I am curious to know all your light experiments over the years and which types, power etc gave you the best growth and plant health.
For example, High light category, 10 gallon started at 15 W T8 and ramped up to 75 W over a period of about 4 months. 2 x 30 W compact spiral florescent bulbs and one 14W T8. Short Lighting period of 4 and a half hours.
I got very good growth but it was clear I was on the edge of what the plants could cope with, no algae. Co2 was via an up inline atomiser.
Lowest light, ambient only, crypts no co2 weekly fert dosing. No water changes. Run for 18 months no algae.

All my efforts at running co2 with lower/mid-range more comfortable light end in failure.
I keep altering my light levels because I think its too high too low etc.
Be really interested to know the extremes that others have tried and what they feel gives them the best success.


----------



## banthaman.jm (24 Apr 2015)

going to watch this thread, like you this will be interesting to see peoples experiences...

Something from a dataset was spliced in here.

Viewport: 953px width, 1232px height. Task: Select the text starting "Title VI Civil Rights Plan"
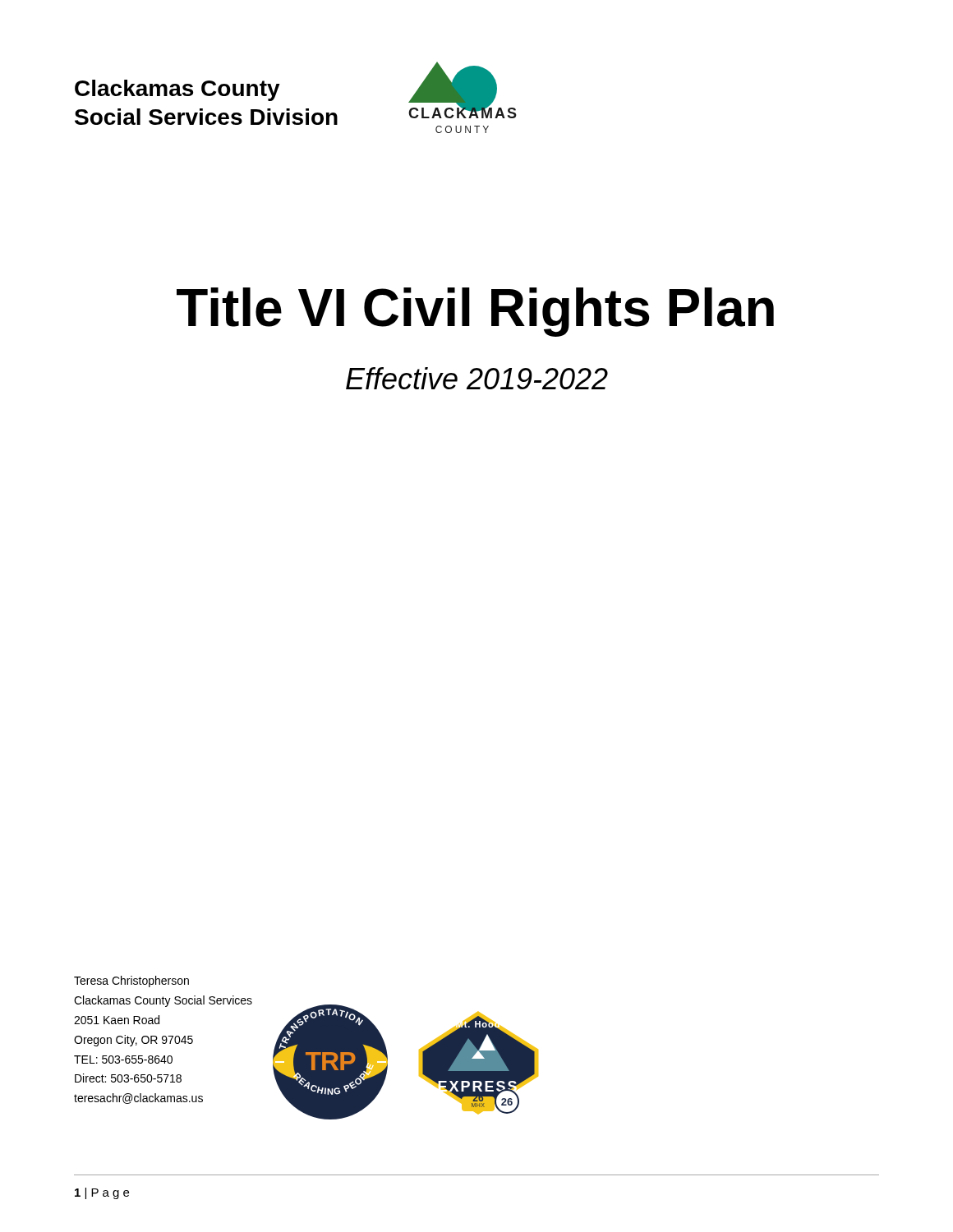point(476,309)
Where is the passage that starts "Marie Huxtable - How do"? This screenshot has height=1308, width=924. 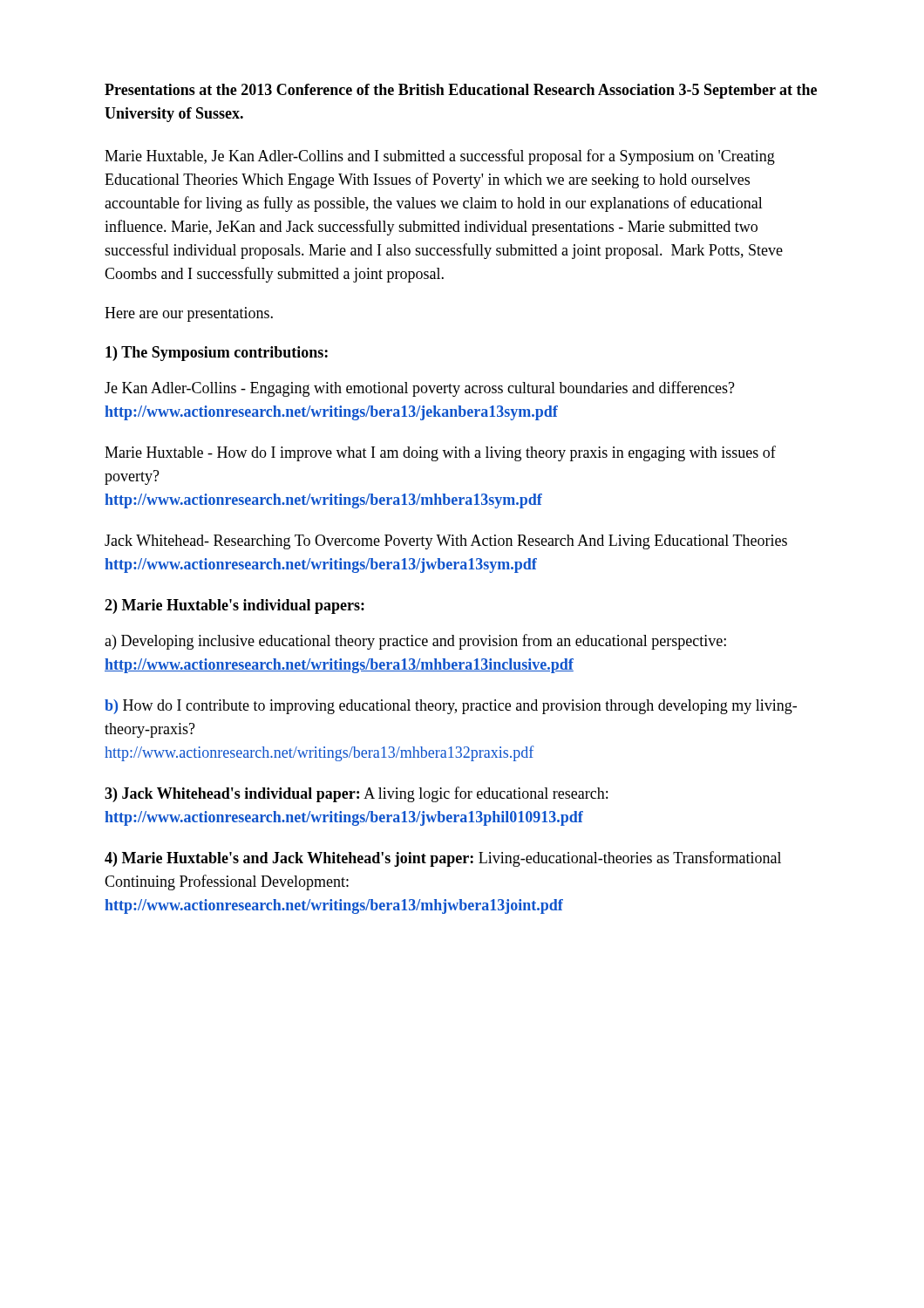440,453
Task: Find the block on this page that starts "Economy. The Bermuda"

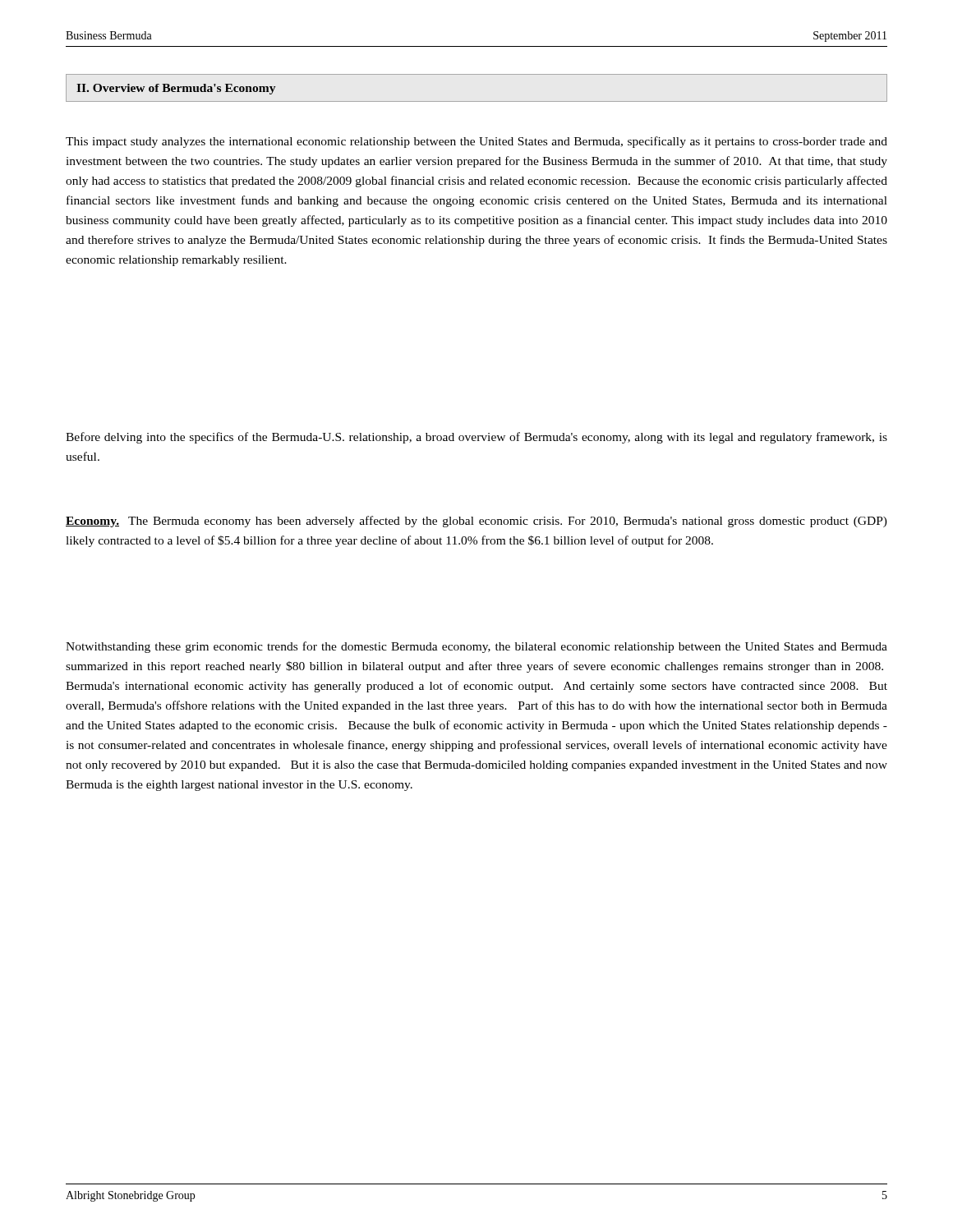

Here is what i use and what i have tried so far:
Beamswork Green Evo 18-22inch lights as i have two of them on my 45x45x45cm  cube.  Below is the tech spec supplied by Beamswork:

·  Two light settings - 3 or 10 LEDs

·  10 x 3w LEDs 30 watt

·  6500K

·  1350 lumens

·  100 PAR @ 10 inches

What i think about the lights:

I have had these two units on my tank for 3 months and have had no problem from them.  They create a fair amount of heat when they are running on all 10 LEDs but not enough to cause any problems with the tank.  The colour rendition of the lights falls into the warmish light being 6500K, Red plants look great, greens kind of merge together a little.  Build quality of the light are great, they have a slim profile so do not distract from the tank.  The spread of light across the tank is fantastic due to the lenses and the penetration of light to the substrate (21 inches on my tank) is no issue.  These light can't have a dimmer added to them which is a shame, but by trying a number of combinations of the two way switch control is possible.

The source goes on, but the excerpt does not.